■ **Try it**: The pictures are to be dropped, and the records below are to be restated word for word.

"""

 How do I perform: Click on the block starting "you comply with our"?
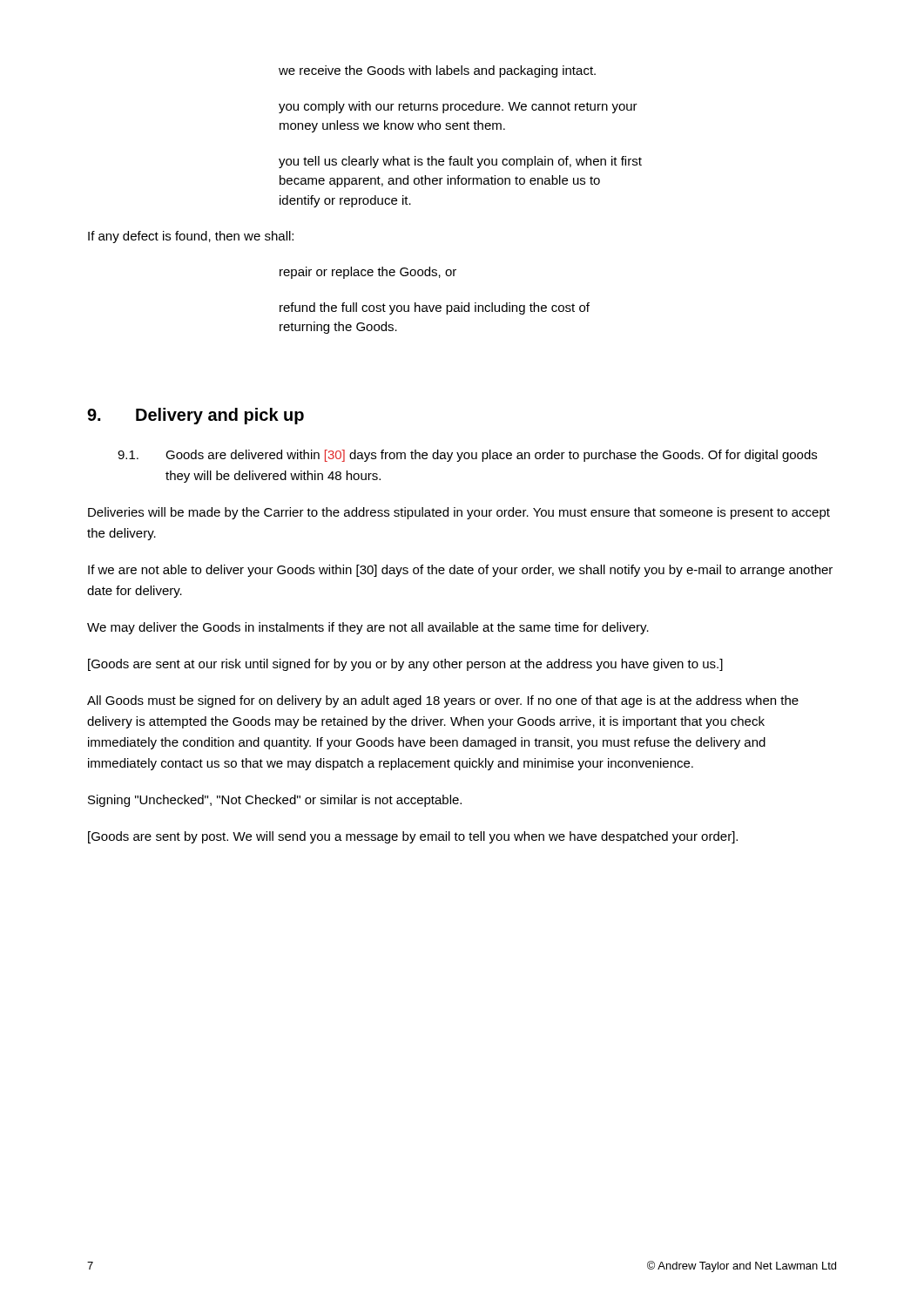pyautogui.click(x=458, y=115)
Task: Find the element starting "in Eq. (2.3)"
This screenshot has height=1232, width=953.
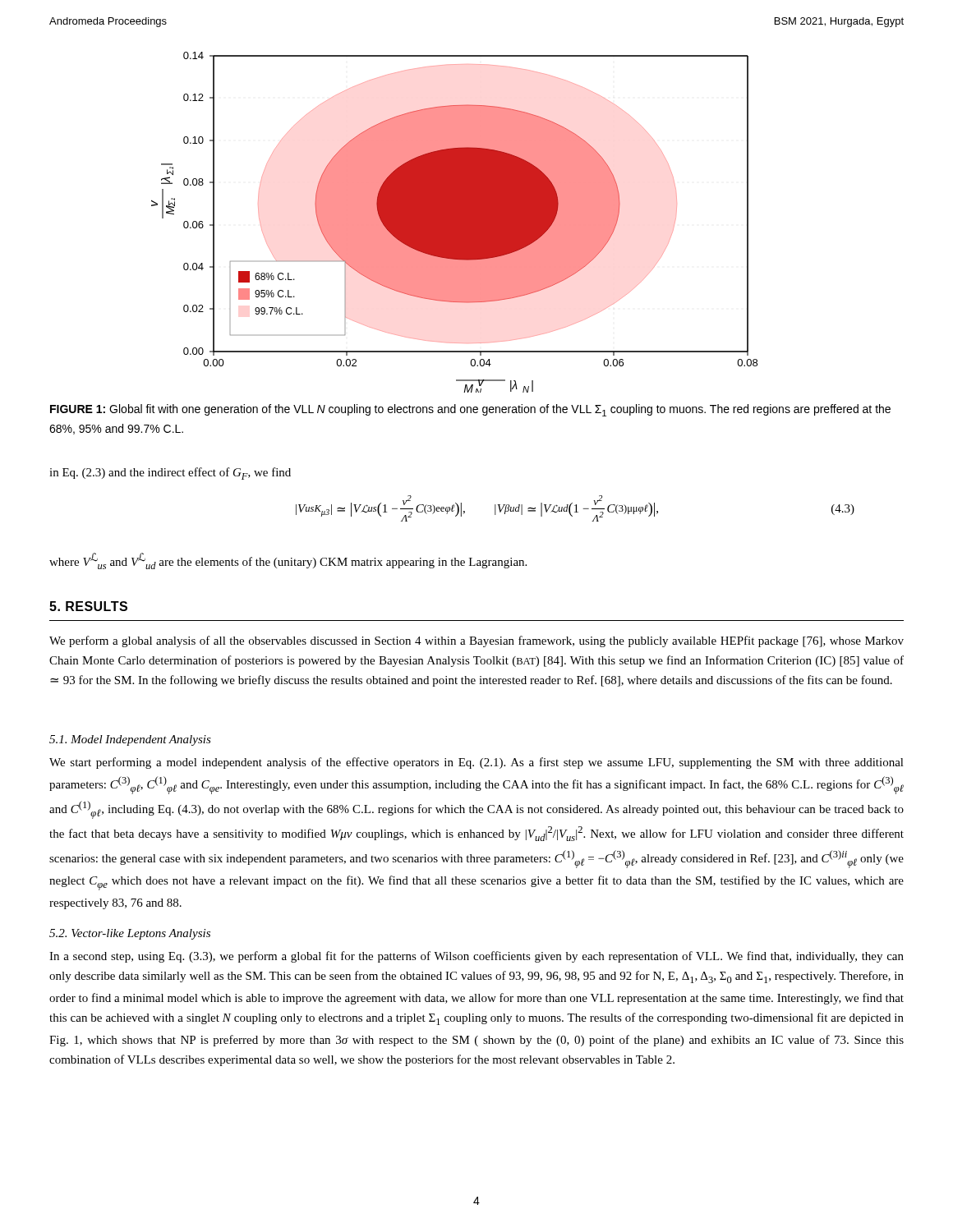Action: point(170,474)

"""

■ **Exercise result**:
 How do I perform: Click on the block starting "you comply with our"?
pyautogui.click(x=458, y=115)
Task: Find the element starting "in Eq. (2.3)"
This screenshot has height=1232, width=953.
Action: point(170,474)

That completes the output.